Showing posts with label Richard and Linda Thompson. Show all posts
Showing posts with label Richard and Linda Thompson. Show all posts

Wednesday, November 18, 2015

40 Year Itch : A Broken Promise or a Broken Heart

Photo I shot this Summer of my hometown

Richard and Linda Thompson : Dimming of the Day


    I don't have this album, but having heard the two tunes posted below, I feel like I must be missing out on one of 1975's most beautiful releases. By 1974 Richard and Linda Thompson had adopted the Sufi faith and moved into a commune. Their sheikh had originally forbid them from recording music. On the other hand, they owed Island Records another album. It was like a toss up between Allah and Richard Branson. A compromise was reached and the couple recorded subtle songs of faith. 
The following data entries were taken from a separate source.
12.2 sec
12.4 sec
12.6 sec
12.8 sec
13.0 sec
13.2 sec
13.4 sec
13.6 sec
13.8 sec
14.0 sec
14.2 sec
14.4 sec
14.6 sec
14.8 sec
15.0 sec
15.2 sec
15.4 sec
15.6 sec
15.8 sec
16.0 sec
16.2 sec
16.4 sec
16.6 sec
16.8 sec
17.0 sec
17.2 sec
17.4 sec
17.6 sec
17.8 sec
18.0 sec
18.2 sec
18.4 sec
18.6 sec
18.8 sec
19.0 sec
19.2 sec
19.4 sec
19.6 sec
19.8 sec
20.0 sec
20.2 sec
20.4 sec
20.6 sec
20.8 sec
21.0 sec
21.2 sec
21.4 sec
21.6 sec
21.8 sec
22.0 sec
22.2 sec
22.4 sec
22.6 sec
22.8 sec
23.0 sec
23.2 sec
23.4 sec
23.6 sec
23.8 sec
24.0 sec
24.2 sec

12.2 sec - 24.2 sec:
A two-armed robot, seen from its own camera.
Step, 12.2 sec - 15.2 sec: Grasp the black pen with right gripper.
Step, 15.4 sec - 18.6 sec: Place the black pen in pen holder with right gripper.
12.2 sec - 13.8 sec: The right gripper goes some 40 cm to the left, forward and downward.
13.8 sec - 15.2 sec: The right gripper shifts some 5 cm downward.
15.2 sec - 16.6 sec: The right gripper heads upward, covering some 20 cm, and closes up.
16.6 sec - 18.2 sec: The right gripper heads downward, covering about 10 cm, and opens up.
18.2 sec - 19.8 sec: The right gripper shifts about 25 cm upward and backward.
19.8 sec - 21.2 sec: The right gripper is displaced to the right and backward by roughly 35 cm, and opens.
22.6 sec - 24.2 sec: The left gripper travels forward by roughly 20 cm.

   "Dimming of the Day" has often been interpreted as a love song but I don't think it is. The lyrics could just as well be sung to God:

 This old house is falling down around my ears 
I'm drowning in a river of my tears 
When all my will is gone you hold me sway 
I need you at the dimming of the day 
You pulled me like the moon 
Pulls on the tide 
You know just where I keep my better side 
What days have come to keep us far apart 
A broken promise or a broken heart

  What stands out is Linda's beautiful voice and Richard's eloquent guitar. Stunning! "Night Comes In" is simply epic. Perhaps Pour Down Like Silver is the real gem in the Thompson's discography.



Friday, April 17, 2015

40 Year Itch : Wishing

Carlton Fisk waves a ball fair in 1975 World Series

Richard and Linda Thompson : Wishing ( BBC session)

[Purchase]



    It may be unfair that Hokey Pokey isn't considered as strong as the other early Richard and Linda Thompson albums or that the track I've fallen for is a previously unreleased Buddy Holly cover from a John Peel Session.

   I make no apologies. 

  The Thompsons recorded Hokey Pokey during their conversion to Islam. It's a bit schizoid, leaping from the silliness of "Smiffy's Glass Eye" to the sheer torment of "Never Again", about the death of Richard's girlfriend in a 1969 car accident that also killed Fairport Convention drummer Martin Lamble. The album also contains one of the couple's best recordings: "A Heart Needs a Home".







Friday, April 4, 2014

40 Year Itch: Only Sad Stories To Tell




  I once tried to expense a Richard Thompson concert. It was 1991 and Kevin and  I had been sent to Columbia, South Carolina to cover a trial of state representatives charged with selling their votes to undercover Government operatives who were seeking their support for a bill authorizing parimutuel horse and dog racing in South Carolina. Good stuff except that we were up there covering jury selection on the same day James Brown was getting released from prison. 



  Despite repeated phone calls back to the station pleading with the News Director to let us cover James Brown, we were told to "stand down" and stay at the Federal Courthouse. When Brown got out of prison he told a group of reporters and cameramen " I Feel Good!". Kevin and I watched the local news in a fury. That night, after dinner, Kevin and I saw Richard Thompson kick off his show at a local club with the Rumor and Sigh opener " I Feel So Good" as a tribute to the newly freed Godfather of Soul.

    It was a great show and at the end of the week, on the drive back to our station, Kevin and I decided we should expense the concert as "Entertainment". After all, we were thoroughly entertained and if a company is going to send two people to Columbia, South Carolina shouldn't the company make sure they were entertained? The News Director did not buy it.


    All of which is to say Richard Thompson's songs may seem sad, gloomy and bleak on record but his skill as a guitarist and his sense of humor in the stage bantering department more than offsets songs about drunkards and other outcasts. Such songs are the staples of I Want to See The Bright Lights, the first of six Richard and Linda Thompson albums and a perennial favorite among critics.

    Here you'll find the grinding title track which, on the surface, sounds like a "come hither" from a party girl. Then the desperation starts to slink through. My buddy at Charity Chic Music is worth visiting for more about this tune and the album itself.



Rooted in the Celtic folk that made the band Thompson co-founded, Fairport Convention, so pioneering, I Want to See The Bright Lights showcases Linda's amazing, non-plussed voice, Thompson's fiery Stratocaster solos ( was there a better guitarist not rooted in the blues?) and his world weary view that probably does little to convert fans to his Sufi brand of Islam. Witness the lines in the album closer "The End of the Rainbow", a children's lullaby of sorts with a message that sums up the album nicely.

There's nothing at the end of the rainbow/ There's nothing to grow up for anymore.





   Footnote: In 1978 Richard Thompson took another crack at the title cut when producer Joe Boyd presented the song to actress/singer Julie Covington who has just hit #1 in the UK with "Don't Cry For Me, Argentina". With Thompson on guitar, Covington's version is more upbeat and polished. Released as a single, it failed to make an impact.